What you have to do: Set down the lines of the data exactly, starting at the first and stopping after the line containing "Annotate: the person.".

Stored data:
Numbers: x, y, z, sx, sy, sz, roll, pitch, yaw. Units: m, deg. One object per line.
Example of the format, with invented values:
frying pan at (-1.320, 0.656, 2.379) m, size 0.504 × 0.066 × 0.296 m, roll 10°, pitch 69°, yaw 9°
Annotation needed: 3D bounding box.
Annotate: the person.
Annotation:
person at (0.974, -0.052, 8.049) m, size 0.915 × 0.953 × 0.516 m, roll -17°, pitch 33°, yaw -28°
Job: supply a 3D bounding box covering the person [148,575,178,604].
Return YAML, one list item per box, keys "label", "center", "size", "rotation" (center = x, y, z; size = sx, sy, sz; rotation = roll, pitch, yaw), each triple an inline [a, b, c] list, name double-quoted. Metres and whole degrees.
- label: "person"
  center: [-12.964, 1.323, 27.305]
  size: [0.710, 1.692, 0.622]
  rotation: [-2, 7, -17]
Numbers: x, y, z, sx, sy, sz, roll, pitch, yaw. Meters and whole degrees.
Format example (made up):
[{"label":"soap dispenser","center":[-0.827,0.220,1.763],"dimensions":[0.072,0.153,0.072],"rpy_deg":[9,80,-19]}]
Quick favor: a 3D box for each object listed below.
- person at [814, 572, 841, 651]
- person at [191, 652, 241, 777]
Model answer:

Solution to this task:
Numbers: x, y, z, sx, sy, sz, roll, pitch, yaw. Units: m, deg. One object per line.
Example of the format, with invented values:
frying pan at (-1.320, 0.656, 2.379) m, size 0.504 × 0.066 × 0.296 m, roll 10°, pitch 69°, yaw 9°
Annotation needed: 3D bounding box.
Annotate: the person.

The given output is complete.